* **The data**:
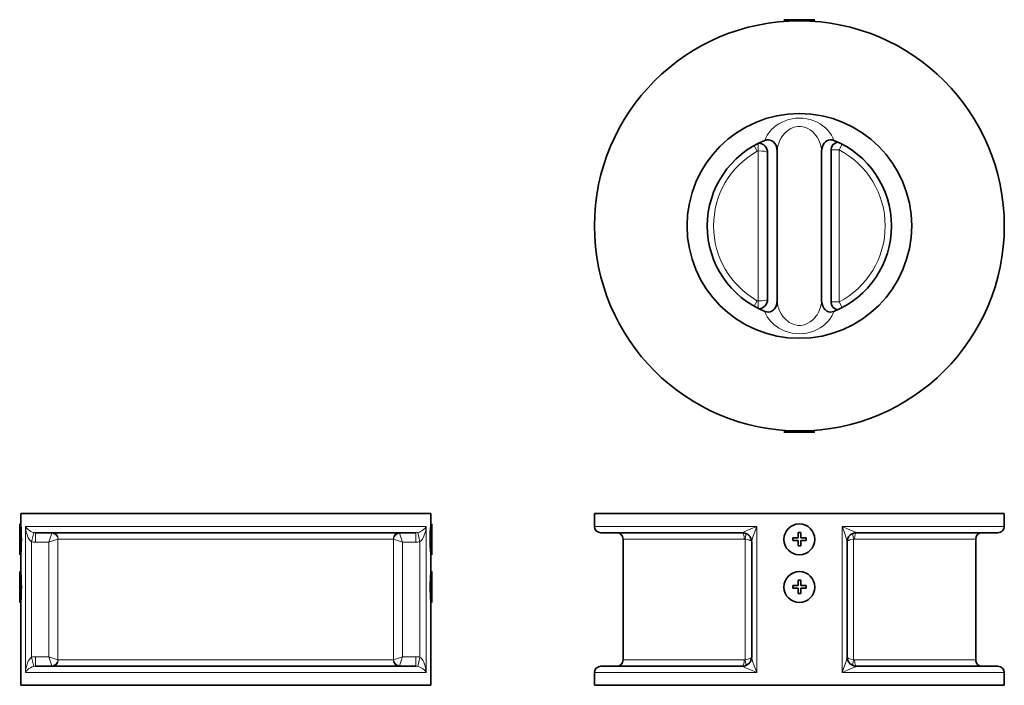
# Model space of a CAD drawing. Extents: x 220 to 1210, y 14 to 774.
# Tile 2 of 3: x 220 to 840, y 340 to 758. Entities that reach past the tile are written whole.
import ezdxf

# ---------------------------------------------------------------- set-up
doc = ezdxf.new("R2010")
doc.units = 0

msp = doc.modelspace()

# ---------------------------------------------------------------- linework, layer by layer
at = {"color": 7, "lineweight": 35, "ltscale": 0.179997}
for p, q in [((715.22, 758.24), (700.82, 758.24)), ((705.89, 498.77), (720.29, 498.77))]:
    msp.add_line(p, q, dxfattribs=at)
at = {"color": 7, "lineweight": 35, "ltscale": 0.018139}
for p, q in [((701.85, 757.21), (700.82, 758.24)), ((719.26, 757.21), (720.29, 758.24))]:
    msp.add_line(p, q, dxfattribs=at)
at = {"color": 7, "lineweight": 35, "ltscale": 0.018141}
for p, q in [((701.85, 757.21), (700.82, 758.24)), ((719.26, 757.21), (720.29, 758.24)), ((701.85, 499.8), (700.82, 498.77)), ((719.26, 499.8), (720.29, 498.77))]:
    msp.add_line(p, q, dxfattribs=at)
at = {"color": 7, "lineweight": 35, "ltscale": 0.063338}
for p, q in [((720.29, 758.24), (715.22, 758.24)), ((700.82, 498.77), (705.89, 498.77))]:
    msp.add_line(p, q, dxfattribs=at)
at = {"color": 7, "lineweight": 35, "ltscale": 4.2e-05}
msp.add_line((737.4, 754.68), (737.39, 754.68), dxfattribs=at)
at = {"color": 7, "lineweight": 13, "ltscale": 0.049999}
for p, q in [((682.1, 679.05), (684.06, 675.56)), ((682.1, 577.96), (684.06, 581.45))]:
    msp.add_line(p, q, dxfattribs=at)
at = {"color": 7, "lineweight": 13, "ltscale": 0.058269}
for p, q in [((684.55, 680.35), (684.55, 675.69)), ((684.55, 581.32), (684.55, 576.66))]:
    msp.add_line(p, q, dxfattribs=at)
at = {"color": 7, "lineweight": 13}
for p, q in [((684.55, 581.32), (684.55, 675.69)), ((735.55, 676.37), (735.55, 580.64)), ((223.27, 439.5), (223.27, 347.5)), ((223.27, 439.5), (287.6, 439.5)), ((287.6, 439.5), (475.63, 439.5)), ((475.63, 439.5), (475.63, 347.5)), ((581.55, 439.5), (683.72, 439.5)), ((683.72, 347.5), (683.72, 439.5)), ((737.38, 439.5), (737.38, 347.5)), ((737.38, 439.5), (823.76, 439.5)), ((227.18, 429.81), (227.18, 357.19)), ((238.12, 429.5), (238.12, 357.5)), ((243.83, 431.4), (243.83, 355.6)), ((244.03, 431.5), (296.23, 431.5)), ((296.23, 431.5), (454.87, 431.5)), ((455.06, 355.6), (455.06, 431.4)), ((460.77, 357.5), (460.77, 429.5)), ((471.71, 429.81), (471.71, 357.19)), ((599.55, 431.5), (675.8, 431.5)), ((676.4, 431.4), (676.4, 355.6)), ((744.71, 431.4), (744.71, 355.6)), ((745.3, 431.5), (807.96, 431.5)), ((244.03, 355.5), (296.23, 355.5)), ((296.23, 355.5), (454.87, 355.5)), ((599.55, 355.5), (675.8, 355.5)), ((745.3, 355.5), (807.96, 355.5)), ((223.27, 347.5), (287.6, 347.5)), ((287.6, 347.5), (475.63, 347.5)), ((581.55, 347.5), (683.72, 347.5)), ((737.38, 347.5), (823.76, 347.5))]:
    msp.add_line(p, q, dxfattribs=at)
at = {"color": 7, "lineweight": 35}
for p, q in [((730.55, 580.64), (730.55, 676.37)), ((690.55, 582.32), (690.55, 674.69)), ((696.55, 581.51), (696.55, 675.5)), ((696.55, 675.5), (696.55, 581.51)), ((724.55, 581.51), (724.55, 675.5)), ((724.55, 581.51), (724.55, 675.5)), ((220.45, 447.5), (287.6, 447.5)), ((287.6, 447.5), (478.45, 447.5)), ((581.55, 447.5), (823.76, 447.5)), ((229.74, 435.5), (289.52, 435.5)), ((289.52, 435.5), (469.15, 435.5)), ((585.55, 435.5), (674.55, 435.5)), ((746.55, 435.5), (820.25, 435.5)), ((599.55, 431.5), (599.55, 355.5)), ((680.55, 357.19), (680.55, 429.81)), ((740.55, 429.81), (740.55, 357.19)), ((821.55, 431.5), (821.55, 355.5)), ((220.45, 392.3), (220.45, 339.5)), ((478.45, 392.3), (478.45, 339.5)), ((229.74, 351.5), (289.52, 351.5)), ((289.52, 351.5), (469.15, 351.5)), ((585.55, 351.5), (674.55, 351.5)), ((746.55, 351.5), (820.25, 351.5)), ((220.45, 339.5), (287.6, 339.5)), ((287.6, 339.5), (478.45, 339.5)), ((581.55, 339.5), (823.76, 339.5))]:
    msp.add_line(p, q, dxfattribs=at)
at = {"color": 7, "lineweight": 13, "ltscale": 0.0625}
for p, q in [((735.55, 676.37), (730.55, 676.37)), ((735.55, 580.64), (730.55, 580.64))]:
    msp.add_line(p, q, dxfattribs=at)
at = {"color": 7, "lineweight": 13, "ltscale": 0.05}
for p, q in [((737.4, 679.92), (735.55, 676.37)), ((737.4, 577.1), (735.55, 580.64))]:
    msp.add_line(p, q, dxfattribs=at)
at = {"color": 7, "lineweight": 13, "ltscale": 0.00122}
msp.add_line((683.62, 502.35), (683.72, 502.33), dxfattribs=at)
at = {"color": 7, "lineweight": 35, "ltscale": 0.000147}
msp.add_line((683.72, 502.33), (683.71, 502.33), dxfattribs=at)
at = {"color": 7, "lineweight": 13, "ltscale": 0.002749}
msp.add_line((737.38, 502.33), (737.6, 502.37), dxfattribs=at)
at = {"color": 7, "lineweight": 35, "ltscale": 0.09}
for p, q in [((220.45, 447.5), (220.45, 440.3)), ((478.45, 447.5), (478.45, 440.3))]:
    msp.add_line(p, q, dxfattribs=at)
at = {"color": 7, "lineweight": 35, "ltscale": 0.1}
for p, q in [((581.55, 447.5), (581.55, 439.5)), ((839.55, 447.5), (839.55, 439.5)), ((581.55, 347.5), (581.55, 339.5)), ((839.55, 347.5), (839.55, 339.5))]:
    msp.add_line(p, q, dxfattribs=at)
at = {"color": 7, "lineweight": 35, "ltscale": 0.197398}
for p, q in [((823.76, 447.5), (839.55, 447.5)), ((823.76, 339.5), (839.55, 339.5))]:
    msp.add_line(p, q, dxfattribs=at)
at = {"color": 7, "lineweight": 35, "ltscale": 0.228439}
for p, q in [((219.72, 441.03), (219.72, 422.76)), ((479.18, 421.57), (479.18, 439.84)), ((219.72, 411.03), (219.72, 392.76)), ((479.18, 391.57), (479.18, 409.84))]:
    msp.add_line(p, q, dxfattribs=at)
at = {"color": 7, "lineweight": 35, "ltscale": 0.012952}
for p, q in [((220.45, 440.3), (219.72, 441.03)), ((478.45, 440.3), (479.18, 441.03)), ((220.45, 422.3), (219.72, 421.57)), ((478.45, 422.3), (479.18, 421.57)), ((220.45, 410.3), (219.72, 411.03)), ((478.45, 410.3), (479.18, 411.03)), ((220.45, 392.3), (219.72, 391.57)), ((478.45, 392.3), (479.18, 391.57))]:
    msp.add_line(p, q, dxfattribs=at)
at = {"color": 7, "lineweight": 35, "ltscale": 0.014894}
for p, q in [((479.18, 439.84), (479.18, 441.03)), ((219.72, 422.76), (219.72, 421.57)), ((479.18, 409.84), (479.18, 411.03)), ((219.72, 392.76), (219.72, 391.57))]:
    msp.add_line(p, q, dxfattribs=at)
at = {"color": 7, "lineweight": 13, "ltscale": 0.074819}
for p, q in [((228.6, 435.62), (227.18, 429.81)), ((470.3, 435.62), (471.71, 429.81)), ((228.6, 351.38), (227.18, 357.19)), ((470.3, 351.38), (471.71, 357.19))]:
    msp.add_line(p, q, dxfattribs=at)
at = {"color": 7, "lineweight": 13, "ltscale": 0.075}
for p, q in [((229.74, 435.5), (229.74, 429.5)), ((469.15, 435.5), (469.15, 429.5)), ((229.74, 351.5), (229.74, 357.5)), ((469.15, 351.5), (469.15, 357.5))]:
    msp.add_line(p, q, dxfattribs=at)
at = {"color": 7, "lineweight": 13, "ltscale": 0.075222}
for p, q in [((238.12, 429.5), (240.03, 435.21)), ((460.77, 429.5), (458.87, 435.21)), ((238.12, 429.5), (243.83, 431.4)), ((460.77, 429.5), (455.06, 431.4)), ((238.12, 357.5), (240.03, 351.79)), ((238.12, 357.5), (243.83, 355.6)), ((460.77, 357.5), (455.06, 355.6)), ((460.77, 357.5), (458.87, 351.79))]:
    msp.add_line(p, q, dxfattribs=at)
at = {"color": 7, "lineweight": 35, "ltscale": 0.0425}
for p, q in [((709.88, 432.2), (709.88, 435.6)), ((711.48, 432.2), (711.48, 435.6)), ((709.88, 432.2), (706.48, 432.2)), ((709.88, 430.6), (706.48, 430.6)), ((709.88, 427.2), (709.88, 430.6)), ((714.88, 432.2), (711.48, 432.2)), ((714.88, 430.6), (711.48, 430.6)), ((711.48, 427.2), (711.48, 430.6)), ((709.88, 402.2), (709.88, 405.6)), ((711.48, 402.2), (711.48, 405.6)), ((709.88, 402.2), (706.48, 402.2)), ((709.88, 400.6), (706.48, 400.6)), ((709.88, 397.2), (709.88, 400.6)), ((714.88, 402.2), (711.48, 402.2)), ((714.88, 400.6), (711.48, 400.6)), ((711.48, 397.2), (711.48, 400.6))]:
    msp.add_line(p, q, dxfattribs=at)
at = {"color": 7, "lineweight": 35, "ltscale": 0.02}
for p, q in [((711.48, 435.6), (709.88, 435.6)), ((706.48, 430.6), (706.48, 432.2)), ((714.88, 430.6), (714.88, 432.2)), ((711.48, 427.2), (709.88, 427.2)), ((711.48, 405.6), (709.88, 405.6)), ((706.48, 400.6), (706.48, 402.2)), ((711.48, 397.2), (709.88, 397.2)), ((714.88, 400.6), (714.88, 402.2))]:
    msp.add_line(p, q, dxfattribs=at)
at = {"color": 7, "lineweight": 35, "ltscale": 0.191277}
for p, q in [((820.25, 435.5), (835.55, 435.5)), ((820.25, 351.5), (835.55, 351.5))]:
    msp.add_line(p, q, dxfattribs=at)
at = {"color": 7, "lineweight": 13, "ltscale": 0.197398}
for p, q in [((823.76, 439.5), (839.55, 439.5)), ((823.76, 347.5), (839.55, 347.5))]:
    msp.add_line(p, q, dxfattribs=at)
at = {"color": 7, "lineweight": 13, "ltscale": 0.104749}
for p, q in [((229.74, 429.5), (238.12, 429.5)), ((460.77, 429.5), (469.15, 429.5)), ((229.74, 357.5), (238.12, 357.5)), ((460.77, 357.5), (469.15, 357.5))]:
    msp.add_line(p, q, dxfattribs=at)
at = {"color": 7, "lineweight": 13, "ltscale": 0.169855}
for p, q in [((807.96, 431.5), (821.55, 431.5)), ((807.96, 355.5), (821.55, 355.5))]:
    msp.add_line(p, q, dxfattribs=at)
at = {"color": 7, "lineweight": 35, "ltscale": 0.15}
for p, q in [((220.45, 422.3), (220.45, 410.3)), ((478.45, 422.3), (478.45, 410.3))]:
    msp.add_line(p, q, dxfattribs=at)
at = {"color": 7, "lineweight": 13}
for points in [[(732.27, 682.29), (731.7, 683.92), (730.87, 685.55), (729.8, 687.15), (728.51, 688.71), (727, 690.19), (725.38, 691.5), (723.57, 692.71), (721.67, 693.75), (719.61, 694.65), (717.42, 695.37), (715.2, 695.89), (712.9, 696.21), (710.56, 696.32), (708.23, 696.21), (705.94, 695.9), (703.72, 695.38), (701.6, 694.69), (699.61, 693.84), (697.71, 692.82), (695.97, 691.68), (694.4, 690.44), (692.8, 688.92), (691.43, 687.32), (690.31, 685.67), (689.43, 683.98), (688.83, 682.29)], [(724.55, 675.5), (724.45, 677.08), (724.15, 678.69), (723.68, 680.31), (722.81, 682.38), (721.67, 684.38), (721, 685.34), (720.26, 686.26), (718.93, 687.63), (717.41, 688.85), (715.96, 689.74), (714.39, 690.44), (712.71, 690.91), (711.17, 691.11), (709.6, 691.08), (708.08, 690.84), (706.61, 690.4), (705.22, 689.78), (704.19, 689.18), (703.21, 688.5), (702.25, 687.7), (701.36, 686.82), (700.16, 685.41), (699.14, 683.91), (698.28, 682.35), (697.55, 680.64), (697.01, 678.91), (696.67, 677.19), (696.55, 675.5)], [(690.55, 674.69), (690.54, 674.75), (690.46, 674.87), (690.29, 674.98), (689.73, 675.2), (688.49, 675.45), (686.91, 675.61), (684.55, 675.69)], [(690.55, 582.32), (690.54, 582.26), (690.46, 582.14), (690.29, 582.03), (689.73, 581.82), (688.49, 581.57), (686.91, 581.4), (684.55, 581.32)], [(724.55, 581.51), (724.45, 579.93), (724.15, 578.32), (723.68, 576.7), (722.81, 574.63), (721.67, 572.64), (721, 571.68), (720.26, 570.75), (718.93, 569.38), (717.41, 568.16), (715.96, 567.27), (714.39, 566.57), (712.71, 566.1), (711.17, 565.9), (709.6, 565.93), (708.08, 566.17), (706.61, 566.61), (705.22, 567.23), (704.19, 567.83), (703.21, 568.51), (702.25, 569.32), (701.36, 570.19), (700.16, 571.6), (699.14, 573.1), (698.28, 574.66), (697.55, 576.37), (697.01, 578.1), (696.67, 579.82), (696.55, 581.51)], [(732.27, 574.73), (731.7, 573.09), (730.87, 571.46), (729.8, 569.86), (728.51, 568.31), (727, 566.83), (725.38, 565.51), (723.57, 564.3), (721.67, 563.26), (719.61, 562.36), (717.42, 561.64), (715.2, 561.12), (712.9, 560.8), (710.56, 560.69), (708.23, 560.8), (705.94, 561.11), (703.72, 561.63), (701.6, 562.32), (699.61, 563.18), (697.71, 564.2), (695.97, 565.34), (694.4, 566.57), (692.8, 568.09), (691.43, 569.69), (690.31, 571.35), (689.43, 573.03), (688.83, 574.73)], [(227.18, 429.81), (226.74, 430.13), (226.35, 430.52), (225.89, 431.09), (225.14, 432.34), (224.7, 433.32), (224.32, 434.33), (223.87, 435.87), (223.54, 437.43), (223.27, 439.5)], [(228.6, 435.62), (227.63, 435.91), (226.8, 436.27), (225.81, 436.84), (224.98, 437.45), (223.97, 438.46), (223.27, 439.5)], [(475.63, 439.5), (475.38, 439.08), (474.73, 438.24), (473.87, 437.42), (472.77, 436.64), (472.08, 436.26), (471.3, 435.92), (470.3, 435.62)], [(475.63, 439.5), (475.29, 437.08), (474.99, 435.73), (474.63, 434.51), (474.19, 433.3), (473.74, 432.32), (473.2, 431.38), (472.54, 430.52), (472.15, 430.13), (471.71, 429.81)], [(683.72, 439.5), (677.89, 437.01), (675.47, 435.89), (674.97, 435.62)], [(683.72, 439.5), (681.99, 434.99), (681.41, 433.29), (680.83, 431.36), (680.63, 430.48), (680.55, 429.81)], [(740.55, 429.81), (740.51, 430.26), (740.27, 431.35), (740.01, 432.29), (739.37, 434.25), (738.24, 437.34), (737.38, 439.5)], [(746.14, 435.62), (745.8, 435.8), (744.92, 436.24), (742.34, 437.4), (737.38, 439.5)], [(680.55, 429.5), (680.49, 429.79), (680.3, 430.08), (679.94, 430.38), (679.44, 430.66), (678.81, 430.91), (678.07, 431.12), (676.4, 431.4)], [(740.55, 429.5), (740.62, 429.79), (740.81, 430.08), (741.17, 430.38), (741.66, 430.66), (742.3, 430.91), (743.03, 431.12), (744.71, 431.4)], [(223.27, 347.5), (223.46, 349.07), (223.75, 350.64), (224.33, 352.7), (224.7, 353.7), (225.15, 354.68), (225.69, 355.62), (226.43, 356.57), (226.88, 356.99), (227.18, 357.19)], [(471.71, 357.19), (472.16, 356.87), (472.55, 356.48), (473.21, 355.61), (473.66, 354.84), (474.04, 354.06), (474.51, 352.87), (474.89, 351.65), (475.26, 350.09), (475.63, 347.5)], [(680.55, 357.5), (680.49, 357.21), (680.3, 356.92), (679.94, 356.62), (679.44, 356.34), (678.81, 356.09), (678.07, 355.88), (676.4, 355.6)], [(680.55, 357.19), (680.64, 356.51), (680.76, 355.94), (681.09, 354.72), (682.09, 351.73), (683.72, 347.5)], [(737.38, 347.5), (738.41, 350.11), (739.36, 352.7), (740, 354.7), (740.34, 355.94), (740.47, 356.52), (740.55, 357.19)], [(740.55, 357.5), (740.62, 357.21), (740.81, 356.92), (741.17, 356.62), (741.66, 356.34), (742.3, 356.09), (743.03, 355.88), (744.71, 355.6)], [(223.27, 347.5), (223.81, 348.35), (224.56, 349.18), (225.53, 349.97), (226.47, 350.56), (227.6, 351.08), (228.6, 351.38)], [(470.3, 351.38), (471.26, 351.09), (472.1, 350.73), (473.37, 349.97), (474.37, 349.14), (475.1, 348.33), (475.63, 347.5)], [(674.97, 351.38), (675.3, 351.2), (676.19, 350.76), (679.7, 349.19), (683.72, 347.5)], [(737.38, 347.5), (742.3, 349.58), (744.91, 350.76), (745.8, 351.19), (746.14, 351.38)]]:
    msp.add_lwpolyline(points, dxfattribs=at)
at = {"color": 7, "lineweight": 35}
for points in [[(688.83, 682.29), (689.97, 682.61), (691.09, 682.68), (692.22, 682.49), (693.24, 682.07), (694.18, 681.4), (694.94, 680.59), (695.62, 679.51), (696.1, 678.38), (696.44, 676.95), (696.55, 675.5)], [(732.27, 682.29), (731.13, 682.61), (730.01, 682.68), (728.88, 682.49), (727.87, 682.07), (726.92, 681.4), (726.17, 680.59), (725.48, 679.51), (725.01, 678.38), (724.67, 676.95), (724.55, 675.5)], [(688.83, 574.73), (689.97, 574.4), (691.09, 574.33), (692.22, 574.52), (693.24, 574.94), (694.18, 575.61), (694.94, 576.42), (695.62, 577.5), (696.1, 578.63), (696.44, 580.06), (696.55, 581.51)], [(732.27, 574.73), (731.13, 574.4), (730.01, 574.33), (728.88, 574.52), (727.87, 574.94), (726.92, 575.61), (726.17, 576.42), (725.48, 577.5), (725.01, 578.63), (724.67, 580.06), (724.55, 581.51)]]:
    msp.add_lwpolyline(points, dxfattribs=at)
for centre, radius in [((710.55, 628.51), 129), ((710.55, 628.51), 70.7), ((710.55, 431.3), 9.73), ((710.55, 401.3), 9.73)]:
    msp.add_circle(centre, radius, dxfattribs=at)
for centre, radius, start, end in [((710.55, 628.51), 58, 111.99183, 248.00817), ((710.55, 628.51), 58, 291.99184, 68.00816), ((684.55, 674.69), 6, 0, 84.068), ((735.55, 676.37), 5, 100.8547, 180.00001), ((684.55, 582.32), 6, 275.93215, 0), ((735.55, 580.64), 5, 180.00001, 259.14515), ((91.56, 431.3), 129.2, 359.99859, 3.99299), ((607.34, 431.3), 129.2, 176.00704, 180.00139), ((585.55, 439.5), 4, 180.00001, 270), ((595.55, 431.5), 4, 0, 90), ((674.55, 429.5), 6, 0, 90), ((746.55, 429.5), 6, 90, 180.00001), ((825.55, 431.5), 4, 90, 179.99999), ((835.55, 439.5), 4, 270, 0), ((91.56, 431.3), 129.2, 356.00704, 0.00139), ((607.34, 431.3), 129.2, 179.9986, 183.99296), ((83.86, 401.29), 136.89, 0.00451, 3.77426), ((615.04, 401.29), 136.89, 176.22571, 179.99551), ((83.86, 401.31), 136.89, 356.22574, 359.9955), ((615.04, 401.31), 136.89, 180.00452, 183.77426), ((595.55, 355.5), 4, 270, 0), ((674.55, 357.5), 6, 270, 0), ((746.55, 357.5), 6, 180.00001, 270), ((825.55, 355.5), 4, 179.99999, 270), ((585.55, 347.5), 4, 90, 179.99999), ((835.55, 347.5), 4, 0, 90)]:
    msp.add_arc(centre, radius, start, end, dxfattribs=at)
at = {"color": 7, "lineweight": 13}
for centre, radius, start, end in [((684.55, 674.69), 1, 90, 119.37779), ((710.55, 628.51), 54, 297.57846, 62.42154), ((710.55, 628.51), 54, 119.37779, 240.6222), ((684.55, 582.32), 1, 240.62221, 270), ((229.74, 440.91), 5.41, 257.78903, 270.04915), ((469.16, 440.91), 5.41, 269.95085, 282.21098), ((674.54, 436.29), 0.792, 270.5969, 302.38176), ((746.56, 436.29), 0.792, 237.61824, 269.4031), ((229.74, 440.35), 10.85, 256.3575, 270.0138), ((244.04, 431.23), 0.274, 93.73217, 140.30527), ((454.85, 431.23), 0.274, 39.74671, 86.29713), ((469.15, 440.35), 10.85, 269.98621, 283.64247), ((675.8, 429.63), 1.87, 71.4556, 89.98594), ((745.3, 429.63), 1.87, 90.01417, 108.54466), ((229.74, 346.65), 10.85, 89.98618, 103.64245), ((244.04, 355.77), 0.274, 219.7467, 266.29721), ((454.85, 355.77), 0.274, 273.73217, 320.30526), ((469.15, 346.65), 10.85, 76.35755, 90.01383), ((675.8, 357.37), 1.87, 270.01417, 288.54466), ((745.3, 357.37), 1.87, 251.4556, 269.98596), ((229.74, 346.09), 5.41, 89.95085, 102.21098), ((469.16, 346.09), 5.41, 77.78902, 90.04915), ((674.54, 350.71), 0.792, 57.61805, 89.40315), ((746.56, 350.71), 0.792, 90.59685, 122.38195)]:
    msp.add_arc(centre, radius, start, end, dxfattribs=at)
for centre, major_axis, ratio, start_param, end_param in [((240.27, 429.2), (0.05, -6.3), 0.107218, 3.140826, 3.445933), ((240.03, 431.4), (2.83, -2.83), 0.90941, 0.832805, 2.308785), ((240.23, 431.5), (0, 4), 0.949739, 4.712389, 6.283185), ((458.67, 431.5), (0, 4), 0.949739, 0, 1.570796), ((458.87, 431.4), (2.83, 2.83), 0.90941, 0.832808, 2.308787), ((458.62, 429.2), (-0.05, -6.3), 0.107219, 2.83725, 3.142359), ((674.55, 431.5), (0, 4), 0.313043, 4.712389, 6.283185), ((674.55, 429.81), (6, 0), 0.971715, 0.000003, 1.501377), ((675.17, 431.4), (-1.23, -3.81), 0.294086, 1.665613, 3.141592), ((746.55, 429.81), (6, 0), 0.971715, 1.640218, 3.141593), ((745.94, 431.4), (1.23, -3.81), 0.294086, 3.141593, 4.617572), ((746.55, 431.5), (0, 4), 0.313043, 0.000001, 1.570796), ((240.03, 355.6), (2.83, 2.83), 0.90941, 3.974401, 5.45038), ((240.23, 355.5), (0, 4), 0.949739, 3.141593, 4.712389), ((458.67, 355.5), (0, 4), 0.949739, 1.570796, 3.141592), ((458.87, 355.6), (2.83, -2.83), 0.90941, 3.974398, 5.450377), ((674.55, 355.5), (0, 4), 0.313043, 3.141593, 4.712389), ((674.55, 357.19), (6, 0), 0.971715, 4.781811, 6.283185), ((675.17, 355.6), (1.23, -3.81), 0.294086, 0, 1.47598), ((746.55, 357.19), (6, 0), 0.971715, 3.141593, 4.642967), ((745.94, 355.6), (-1.23, -3.81), 0.294086, 4.807206, 6.283185), ((746.55, 355.5), (0, 4), 0.313043, 1.570796, 3.141592), ((240.27, 357.8), (-0.05, -6.3), 0.107219, 5.978843, 6.283952), ((458.62, 357.8), (0.05, -6.3), 0.107218, 6.282419, 6.587526)]:
    msp.add_ellipse(centre, major_axis=major_axis, ratio=ratio, start_param=start_param, end_param=end_param, dxfattribs=at)

doc.saveas('drawing.dxf')

* **What to do**:
Return all lines of the data in which the string "drawing" appears.

* **Response to the exercise**:
# Model space of a CAD drawing. Extents: x 220 to 1210, y 14 to 774.
doc.saveas('drawing.dxf')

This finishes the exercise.